DESCRIPTION OF THE TASK
Print exactly the lines that run from the first line of the material to the line containing "Answer: Michael Allen", both ends included, and skip the pictures.

________________________

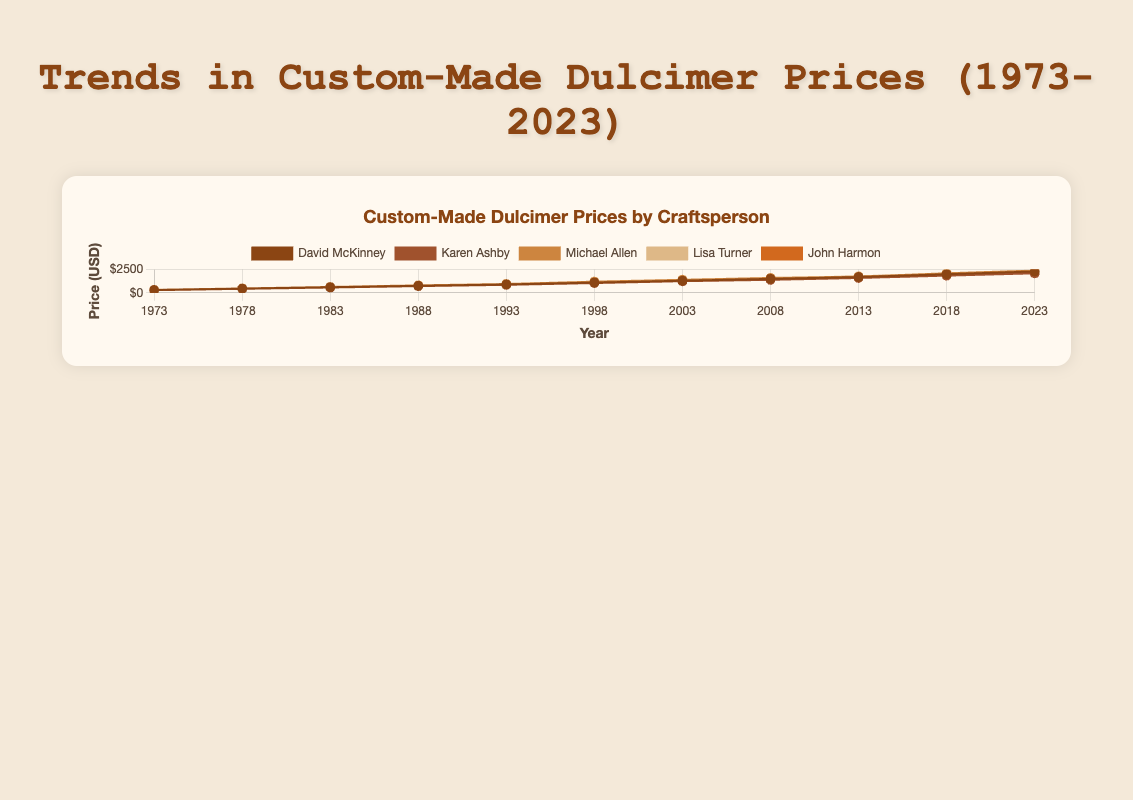Which craftsperson had the highest price for a dulcimer in 2023? To answer this, we look at the end of each line on the plot corresponding to 2023. The data points will show which craftsperson had the highest price. "Michael Allen" is the line that reaches $2400 in 2023.
Answer: Michael Allen Among all the crafters, who had the smallest price increment from 1973 to 2023? To find this, calculate the difference between the prices in 2023 and 1973 for each crafter. The differences are:
David McKinney: 2300 - 300 = 2000, Karen Ashby: 2100 - 280 = 1820, Michael Allen: 2400 - 320 = 2080, Lisa Turner: 2250 - 310 = 1940, John Harmon: 2200 - 290 = 1910. Karen Ashby has the smallest increment.
Answer: Karen Ashby Compare the prices of David McKinney and Lisa Turner in 1998. Who had the higher price? Look at the values corresponding to 1998 for both craftspersons. David McKinney had $1100, while Lisa Turner had $1150. Therefore, Lisa Turner had the higher price in 1998.
Answer: Lisa Turner Which two crafters had the closest price in 1988, and what was their price? Check the prices of all crafters in 1988: David McKinney: $750, Karen Ashby: $720, Michael Allen: $800, Lisa Turner: $770, John Harmon: $740. The closest prices are those of Karen Ashby and John Harmon, with a mere $20 difference between $720 and $740.
Answer: Karen Ashby and John Harmon, $720 and $740 Which craftsperson had the most consistent price increase over the years? Consistency in a line plot can be identified by a smooth, evenly increasing line. By visually examining the figure, David McKinney’s line shows a steady and linear increase relative to the other lines.
Answer: David McKinney What is the average price of a Michael Allen dulcimer from 1973 to 2023? Sum the prices of Michael Allen from 1973 to 2023 and divide by the number of years: (320 + 470 + 630 + 800 + 950 + 1200 + 1400 + 1600 + 1750 + 2100 + 2400) / 11 = 1460.
Answer: 1460 Which year showed the most significant increase in price for John Harmon compared to the previous year? Compare the year-over-year increments for John Harmon: 440 - 290 = 150, 590 - 440 = 150, 740 - 590 = 150, 890 - 740 = 150, 1080 - 890 = 190, 1260 - 1080 = 180, 1480 - 1260 = 220, 1670 - 1480 = 190, 1920 - 1670 = 250, 2200 - 1920 = 280. The most significant increase was between 2018 and 2023 (280).
Answer: 2018 to 2023 What is the total price difference between the highest and lowest priced dulcimer in 2023? The highest price in 2023 is $2400 (Michael Allen), and the lowest is $2100 (Karen Ashby). The difference is 2400 - 2100 = 300.
Answer: 300

________________________

OUTPUT BELOW
Which craftsperson had the highest price for a dulcimer in 2023? To answer this, we look at the end of each line on the plot corresponding to 2023. The data points will show which craftsperson had the highest price. "Michael Allen" is the line that reaches $2400 in 2023.
Answer: Michael Allen Among all the crafters, who had the smallest price increment from 1973 to 2023? To find this, calculate the difference between the prices in 2023 and 1973 for each crafter. The differences are:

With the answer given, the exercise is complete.